Therefore, it is timely for the Speaker to write to Embassies or countries and make inquiries for clarifications. But whether the Speaker would take such a step is doubtful. For a citizen to initiate such an action, there should be facts to be submitted to the courts in a writ application.
This situation raises unfortunate and ambiguous situations for the country in need of well qualified expatriates who are productive and love the country and are ready to serve as in other countries. Under Israeli Nationality laws, a citizen has the right to return and serve the State as most of Israelis live in other parts of the world especially USA, UK, West and developed countries.
It is time to rethink changes to the outdated, ineffective and complicated Nationality Act towards a more productive proactive piece of legislation to enable expatriates holding different nationalities to serve the country better and to get them engaged and involved in political economic development programmes with no or little restrictions maintaining the integrity of the country, they are prepared to serve clearing the different and difficult areas preventing them returning.
Complications in the Act are to be clarified and streamlined.
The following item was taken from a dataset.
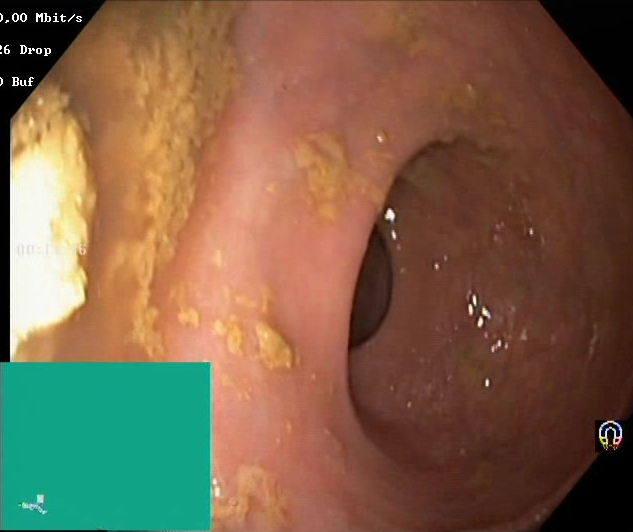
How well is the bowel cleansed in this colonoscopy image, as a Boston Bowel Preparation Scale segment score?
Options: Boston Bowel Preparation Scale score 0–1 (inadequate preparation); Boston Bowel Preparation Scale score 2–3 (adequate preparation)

Boston Bowel Preparation Scale score 0–1 (inadequate preparation)

Stigma and barriers based on political enmities are to be removed with freedom to enjoy unrestricted movement and return, as in Israel. Children of parents and grandparents of citizens by birth who was born due to fathers being academics in international service who want to get involved in serving the motherland, should be given the opportunity to be actively and deeply involved in local politics for development and prosperity of the nation, whilst taking a cautious approach in granting dual citizenship. It is time to rethink and reconsider the legal basis of citizenship law on the needs, current demands, aspirations and challenges for development and prosperity.
Author takes responsibility for the contents and could be contacted on [email protected]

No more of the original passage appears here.